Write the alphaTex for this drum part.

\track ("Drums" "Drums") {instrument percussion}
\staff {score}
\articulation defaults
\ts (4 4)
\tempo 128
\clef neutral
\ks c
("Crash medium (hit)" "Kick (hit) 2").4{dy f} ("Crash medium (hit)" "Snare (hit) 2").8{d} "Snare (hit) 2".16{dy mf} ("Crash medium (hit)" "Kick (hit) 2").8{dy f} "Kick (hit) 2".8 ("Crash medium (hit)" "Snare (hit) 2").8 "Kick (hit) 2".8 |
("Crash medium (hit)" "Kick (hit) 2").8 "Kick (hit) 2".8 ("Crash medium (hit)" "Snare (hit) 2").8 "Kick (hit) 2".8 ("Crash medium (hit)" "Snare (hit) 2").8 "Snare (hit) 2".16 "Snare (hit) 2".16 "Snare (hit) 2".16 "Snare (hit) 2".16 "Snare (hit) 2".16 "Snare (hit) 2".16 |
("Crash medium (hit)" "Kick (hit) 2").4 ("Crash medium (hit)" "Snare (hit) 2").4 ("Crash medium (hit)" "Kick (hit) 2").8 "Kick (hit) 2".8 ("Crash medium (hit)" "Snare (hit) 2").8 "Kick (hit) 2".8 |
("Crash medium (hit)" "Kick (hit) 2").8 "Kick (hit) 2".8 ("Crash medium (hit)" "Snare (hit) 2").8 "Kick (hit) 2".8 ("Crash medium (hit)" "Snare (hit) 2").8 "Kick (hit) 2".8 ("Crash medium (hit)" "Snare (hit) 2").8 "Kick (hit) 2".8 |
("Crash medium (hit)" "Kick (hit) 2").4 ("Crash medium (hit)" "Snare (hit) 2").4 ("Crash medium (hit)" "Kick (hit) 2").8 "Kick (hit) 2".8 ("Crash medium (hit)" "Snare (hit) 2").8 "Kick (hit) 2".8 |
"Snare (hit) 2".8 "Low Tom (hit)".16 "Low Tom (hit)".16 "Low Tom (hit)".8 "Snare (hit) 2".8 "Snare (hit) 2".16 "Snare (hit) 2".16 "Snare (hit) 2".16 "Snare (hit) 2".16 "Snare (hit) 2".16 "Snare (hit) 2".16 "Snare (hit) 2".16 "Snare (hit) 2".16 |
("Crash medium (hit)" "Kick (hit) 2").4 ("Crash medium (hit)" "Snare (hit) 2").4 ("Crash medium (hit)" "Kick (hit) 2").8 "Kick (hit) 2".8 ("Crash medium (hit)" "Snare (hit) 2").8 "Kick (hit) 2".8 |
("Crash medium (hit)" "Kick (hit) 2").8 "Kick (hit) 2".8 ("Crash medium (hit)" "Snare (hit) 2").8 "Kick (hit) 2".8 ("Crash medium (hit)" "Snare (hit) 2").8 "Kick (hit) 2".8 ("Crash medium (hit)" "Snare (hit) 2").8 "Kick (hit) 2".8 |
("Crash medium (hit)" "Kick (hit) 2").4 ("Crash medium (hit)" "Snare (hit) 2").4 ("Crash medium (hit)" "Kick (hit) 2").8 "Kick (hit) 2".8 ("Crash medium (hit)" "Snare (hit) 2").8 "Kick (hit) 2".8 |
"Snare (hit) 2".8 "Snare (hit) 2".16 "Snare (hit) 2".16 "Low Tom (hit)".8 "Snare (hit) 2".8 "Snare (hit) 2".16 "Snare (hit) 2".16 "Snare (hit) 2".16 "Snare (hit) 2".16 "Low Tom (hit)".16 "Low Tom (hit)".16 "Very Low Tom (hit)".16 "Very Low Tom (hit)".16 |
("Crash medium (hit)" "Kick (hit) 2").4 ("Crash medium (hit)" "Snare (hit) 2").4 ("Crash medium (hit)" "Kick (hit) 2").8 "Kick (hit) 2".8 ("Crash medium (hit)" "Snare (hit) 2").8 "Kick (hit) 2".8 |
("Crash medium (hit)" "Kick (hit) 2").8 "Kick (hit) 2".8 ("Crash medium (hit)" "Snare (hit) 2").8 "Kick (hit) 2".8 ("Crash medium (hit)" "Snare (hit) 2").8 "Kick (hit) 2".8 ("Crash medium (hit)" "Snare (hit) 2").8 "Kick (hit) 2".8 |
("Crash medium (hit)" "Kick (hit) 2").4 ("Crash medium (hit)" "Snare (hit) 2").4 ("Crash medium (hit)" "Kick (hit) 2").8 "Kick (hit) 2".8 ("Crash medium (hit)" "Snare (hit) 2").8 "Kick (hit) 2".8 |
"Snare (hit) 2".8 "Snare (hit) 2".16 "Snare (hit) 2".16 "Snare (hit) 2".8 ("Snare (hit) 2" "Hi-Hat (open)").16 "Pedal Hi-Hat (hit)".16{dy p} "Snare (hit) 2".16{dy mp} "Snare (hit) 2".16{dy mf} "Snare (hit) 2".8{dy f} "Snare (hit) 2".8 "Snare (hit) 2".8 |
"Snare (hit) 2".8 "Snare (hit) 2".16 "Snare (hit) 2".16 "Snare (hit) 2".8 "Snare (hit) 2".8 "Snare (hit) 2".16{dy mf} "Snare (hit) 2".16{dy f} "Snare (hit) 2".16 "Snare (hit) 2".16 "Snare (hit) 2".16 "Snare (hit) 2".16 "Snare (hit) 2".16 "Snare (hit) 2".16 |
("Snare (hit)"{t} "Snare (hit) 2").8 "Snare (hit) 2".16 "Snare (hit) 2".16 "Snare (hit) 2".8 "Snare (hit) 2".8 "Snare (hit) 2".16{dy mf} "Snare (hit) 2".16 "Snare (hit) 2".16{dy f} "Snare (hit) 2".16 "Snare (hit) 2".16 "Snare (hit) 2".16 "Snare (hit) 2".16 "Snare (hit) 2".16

···

--- Task to complete ---
Write the whole listing out again. Keep every line exactly as it is.

--- Answer space ---
Write the alphaTex for this drum part.

\track ("Drums" "Drums") {instrument percussion}
\staff {score}
\articulation defaults
\ts (4 4)
\tempo 128
\clef neutral
\ks c
("Crash medium (hit)" "Kick (hit) 2").4{dy f} ("Crash medium (hit)" "Snare (hit) 2").8{d} "Snare (hit) 2".16{dy mf} ("Crash medium (hit)" "Kick (hit) 2").8{dy f} "Kick (hit) 2".8 ("Crash medium (hit)" "Snare (hit) 2").8 "Kick (hit) 2".8 |
("Crash medium (hit)" "Kick (hit) 2").8 "Kick (hit) 2".8 ("Crash medium (hit)" "Snare (hit) 2").8 "Kick (hit) 2".8 ("Crash medium (hit)" "Snare (hit) 2").8 "Snare (hit) 2".16 "Snare (hit) 2".16 "Snare (hit) 2".16 "Snare (hit) 2".16 "Snare (hit) 2".16 "Snare (hit) 2".16 |
("Crash medium (hit)" "Kick (hit) 2").4 ("Crash medium (hit)" "Snare (hit) 2").4 ("Crash medium (hit)" "Kick (hit) 2").8 "Kick (hit) 2".8 ("Crash medium (hit)" "Snare (hit) 2").8 "Kick (hit) 2".8 |
("Crash medium (hit)" "Kick (hit) 2").8 "Kick (hit) 2".8 ("Crash medium (hit)" "Snare (hit) 2").8 "Kick (hit) 2".8 ("Crash medium (hit)" "Snare (hit) 2").8 "Kick (hit) 2".8 ("Crash medium (hit)" "Snare (hit) 2").8 "Kick (hit) 2".8 |
("Crash medium (hit)" "Kick (hit) 2").4 ("Crash medium (hit)" "Snare (hit) 2").4 ("Crash medium (hit)" "Kick (hit) 2").8 "Kick (hit) 2".8 ("Crash medium (hit)" "Snare (hit) 2").8 "Kick (hit) 2".8 |
"Snare (hit) 2".8 "Low Tom (hit)".16 "Low Tom (hit)".16 "Low Tom (hit)".8 "Snare (hit) 2".8 "Snare (hit) 2".16 "Snare (hit) 2".16 "Snare (hit) 2".16 "Snare (hit) 2".16 "Snare (hit) 2".16 "Snare (hit) 2".16 "Snare (hit) 2".16 "Snare (hit) 2".16 |
("Crash medium (hit)" "Kick (hit) 2").4 ("Crash medium (hit)" "Snare (hit) 2").4 ("Crash medium (hit)" "Kick (hit) 2").8 "Kick (hit) 2".8 ("Crash medium (hit)" "Snare (hit) 2").8 "Kick (hit) 2".8 |
("Crash medium (hit)" "Kick (hit) 2").8 "Kick (hit) 2".8 ("Crash medium (hit)" "Snare (hit) 2").8 "Kick (hit) 2".8 ("Crash medium (hit)" "Snare (hit) 2").8 "Kick (hit) 2".8 ("Crash medium (hit)" "Snare (hit) 2").8 "Kick (hit) 2".8 |
("Crash medium (hit)" "Kick (hit) 2").4 ("Crash medium (hit)" "Snare (hit) 2").4 ("Crash medium (hit)" "Kick (hit) 2").8 "Kick (hit) 2".8 ("Crash medium (hit)" "Snare (hit) 2").8 "Kick (hit) 2".8 |
"Snare (hit) 2".8 "Snare (hit) 2".16 "Snare (hit) 2".16 "Low Tom (hit)".8 "Snare (hit) 2".8 "Snare (hit) 2".16 "Snare (hit) 2".16 "Snare (hit) 2".16 "Snare (hit) 2".16 "Low Tom (hit)".16 "Low Tom (hit)".16 "Very Low Tom (hit)".16 "Very Low Tom (hit)".16 |
("Crash medium (hit)" "Kick (hit) 2").4 ("Crash medium (hit)" "Snare (hit) 2").4 ("Crash medium (hit)" "Kick (hit) 2").8 "Kick (hit) 2".8 ("Crash medium (hit)" "Snare (hit) 2").8 "Kick (hit) 2".8 |
("Crash medium (hit)" "Kick (hit) 2").8 "Kick (hit) 2".8 ("Crash medium (hit)" "Snare (hit) 2").8 "Kick (hit) 2".8 ("Crash medium (hit)" "Snare (hit) 2").8 "Kick (hit) 2".8 ("Crash medium (hit)" "Snare (hit) 2").8 "Kick (hit) 2".8 |
("Crash medium (hit)" "Kick (hit) 2").4 ("Crash medium (hit)" "Snare (hit) 2").4 ("Crash medium (hit)" "Kick (hit) 2").8 "Kick (hit) 2".8 ("Crash medium (hit)" "Snare (hit) 2").8 "Kick (hit) 2".8 |
"Snare (hit) 2".8 "Snare (hit) 2".16 "Snare (hit) 2".16 "Snare (hit) 2".8 ("Snare (hit) 2" "Hi-Hat (open)").16 "Pedal Hi-Hat (hit)".16{dy p} "Snare (hit) 2".16{dy mp} "Snare (hit) 2".16{dy mf} "Snare (hit) 2".8{dy f} "Snare (hit) 2".8 "Snare (hit) 2".8 |
"Snare (hit) 2".8 "Snare (hit) 2".16 "Snare (hit) 2".16 "Snare (hit) 2".8 "Snare (hit) 2".8 "Snare (hit) 2".16{dy mf} "Snare (hit) 2".16{dy f} "Snare (hit) 2".16 "Snare (hit) 2".16 "Snare (hit) 2".16 "Snare (hit) 2".16 "Snare (hit) 2".16 "Snare (hit) 2".16 |
("Snare (hit)"{t} "Snare (hit) 2").8 "Snare (hit) 2".16 "Snare (hit) 2".16 "Snare (hit) 2".8 "Snare (hit) 2".8 "Snare (hit) 2".16{dy mf} "Snare (hit) 2".16 "Snare (hit) 2".16{dy f} "Snare (hit) 2".16 "Snare (hit) 2".16 "Snare (hit) 2".16 "Snare (hit) 2".16 "Snare (hit) 2".16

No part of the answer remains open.